* _Your assignment_
Before you write out the listing, remove the pictures; everything else stays exactly as it is.

* _Dataset extract_

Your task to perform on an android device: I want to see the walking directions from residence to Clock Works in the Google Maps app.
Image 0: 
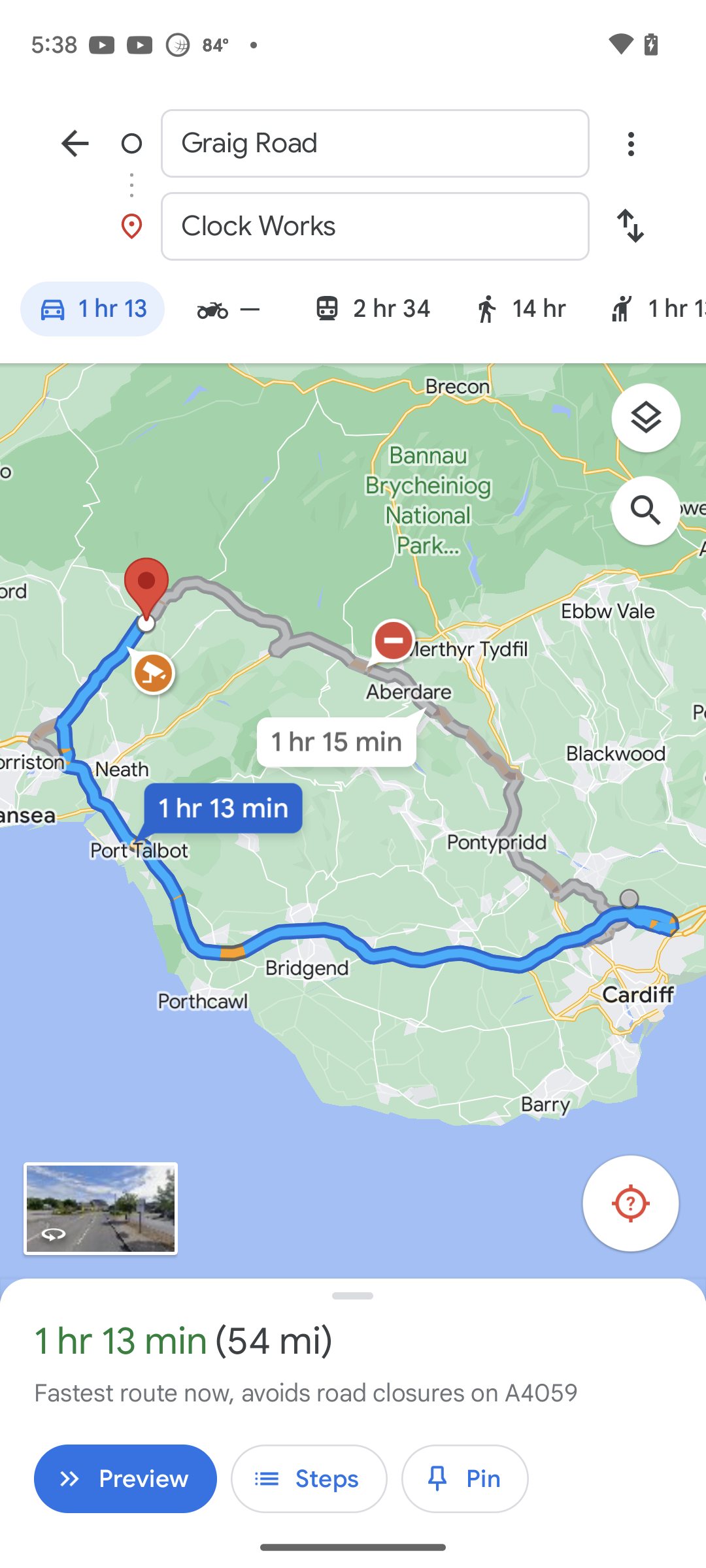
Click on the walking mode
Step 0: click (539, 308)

* _Answer below_
Your task to perform on an android device: I want to see the walking directions from residence to Clock Works in the Google Maps app.
Image 0: 
Click on the walking mode
Step 0: click (539, 308)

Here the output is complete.